(Stored data)
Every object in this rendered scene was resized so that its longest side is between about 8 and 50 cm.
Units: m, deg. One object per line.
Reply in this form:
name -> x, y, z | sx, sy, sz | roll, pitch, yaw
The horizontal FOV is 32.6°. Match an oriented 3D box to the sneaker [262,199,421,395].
---
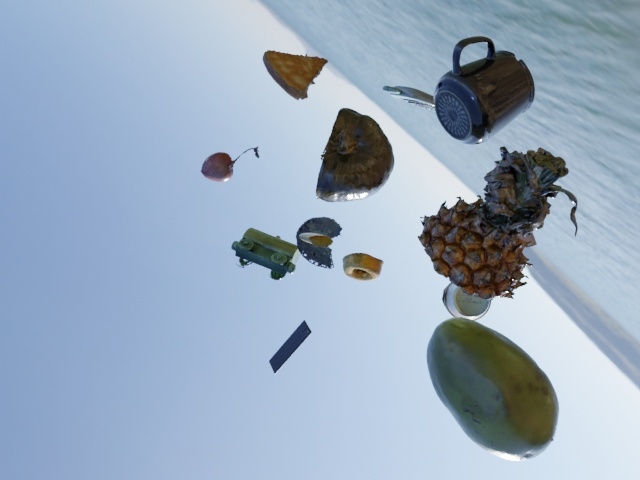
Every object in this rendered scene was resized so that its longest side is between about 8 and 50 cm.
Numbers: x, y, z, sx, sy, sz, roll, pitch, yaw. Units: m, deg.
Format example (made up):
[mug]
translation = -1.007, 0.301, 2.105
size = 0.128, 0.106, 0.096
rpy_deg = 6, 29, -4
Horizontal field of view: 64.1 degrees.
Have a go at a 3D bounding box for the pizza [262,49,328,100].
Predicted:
==
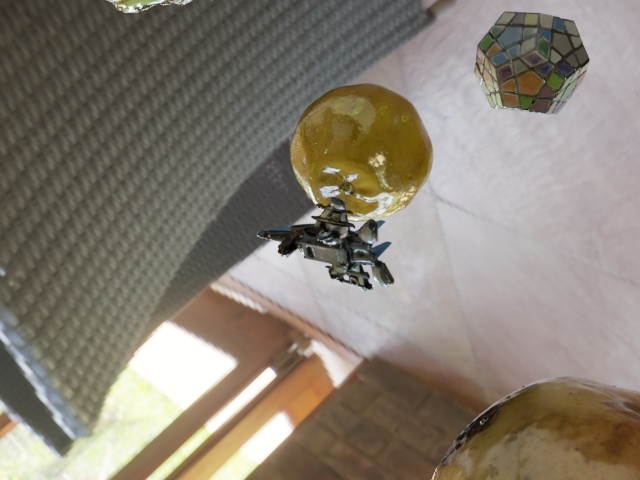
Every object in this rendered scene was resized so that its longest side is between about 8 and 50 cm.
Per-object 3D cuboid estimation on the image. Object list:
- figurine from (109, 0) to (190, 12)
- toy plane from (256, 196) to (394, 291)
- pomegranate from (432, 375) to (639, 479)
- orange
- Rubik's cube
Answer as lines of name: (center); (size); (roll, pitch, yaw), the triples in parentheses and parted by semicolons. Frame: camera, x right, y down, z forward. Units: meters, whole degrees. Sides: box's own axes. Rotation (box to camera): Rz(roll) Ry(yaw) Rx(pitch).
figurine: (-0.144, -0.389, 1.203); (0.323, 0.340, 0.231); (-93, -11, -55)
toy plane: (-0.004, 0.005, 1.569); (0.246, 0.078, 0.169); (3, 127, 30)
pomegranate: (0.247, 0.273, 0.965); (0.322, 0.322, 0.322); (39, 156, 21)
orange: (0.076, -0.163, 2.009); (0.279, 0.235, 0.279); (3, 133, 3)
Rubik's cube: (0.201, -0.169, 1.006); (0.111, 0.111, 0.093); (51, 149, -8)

- EXERCISE OBJECTIVE
Copy out the range of lines above starting at the line with "Units: m, deg. One object per line." and ending at the line with "The horizontal FOV", exactly and including both.

- PROBLEM SOLUTION
Units: m, deg. One object per line.
Reply in this form:
name -> x, y, z | sx, sy, sz | roll, pitch, yaw
The horizontal FOV is 32.6°. Match an oriented 3D box to the sneaker [262,199,421,395].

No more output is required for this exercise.